Gold bug Nick Barisheff has been touting the yellow metal for a very long time. His company Bullion Management Group sells bars of gold and precious metal bullion funds. And this year the Toronto-based investment company CEO will publish a book called $10,000 Gold.
That's an intriguing title for a commodity currently trading at $1,617 an ounce, and one which immediately recalls the flopped Dow 36,000 book that came out in 1999 just before the dot-com bubble burst, having reached a peak of 11,750 in January of 2000.
But in a speech at the Empire Club of Canada on Thursday, Barisheff offered a spirited defense of gold's inevitable rise, arguing that increasing governmental indebtedness and currency debasement make today's gold price insignificant.
Barisheff told Empire Club audience that the same factors that have made gold the top performing asset class since 2002 ensure continued gains. In other words, this is "not a typical bull market" that will run its course as investors rotate into another favored sector but a rational response to depreciating currencies driven by debt-spiraling Western governments.

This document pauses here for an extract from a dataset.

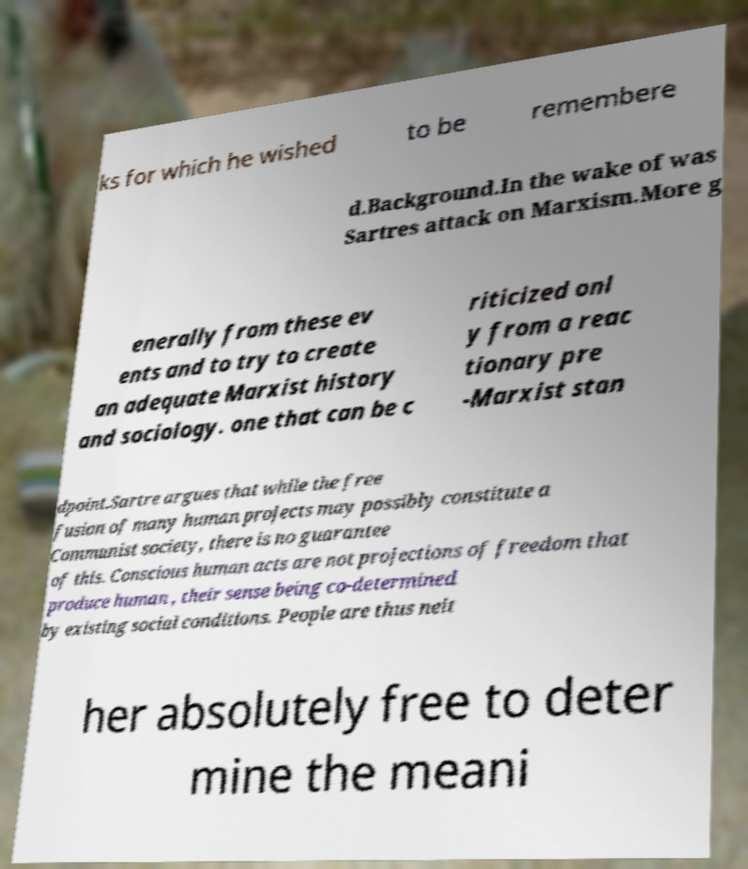There's text embedded in this image that I need extracted. Can you transcribe it verbatim? ks for which he wished to be remembere d.Background.In the wake of was Sartres attack on Marxism.More g enerally from these ev ents and to try to create an adequate Marxist history and sociology. one that can be c riticized onl y from a reac tionary pre -Marxist stan dpoint.Sartre argues that while the free fusion of many human projects may possibly constitute a Communist society, there is no guarantee of this. Conscious human acts are not projections of freedom that produce human , their sense being co-determined by existing social conditions. People are thus neit her absolutely free to deter mine the meani

As he put it, "gold is not rising in value, currencies are losing purchasing power against gold, and therefore gold can rise as high as currencies can fall. Since currencies are falling because of increasing debt, gold can rise as high as government debt can grow."

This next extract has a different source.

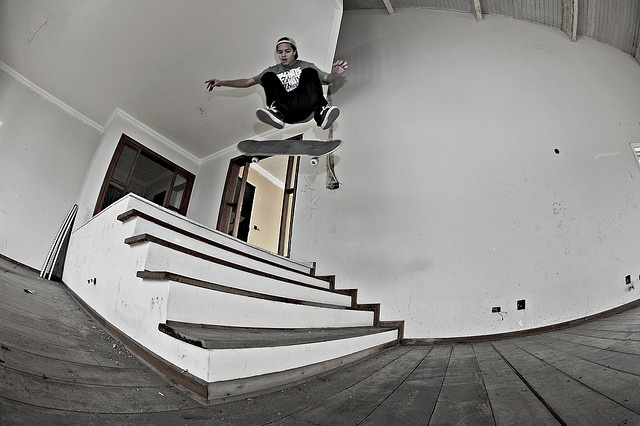Describe the objects in this image and their specific colors. I can see people in gray, black, darkgray, and lightgray tones and skateboard in gray, black, darkgray, and lightgray tones in this image.

Barisheff explains that investors view gold not as a commodity but as a currency, noting the $37 billion per day turnover of the London Bullion Market Association–a trade volume far in excess of jewelry demand. As governments lose control of their finances and incur indebtedness funded through currency devaluation, investors–including central banks–respond through gold purchases as a means of counterbalancing their currency losses.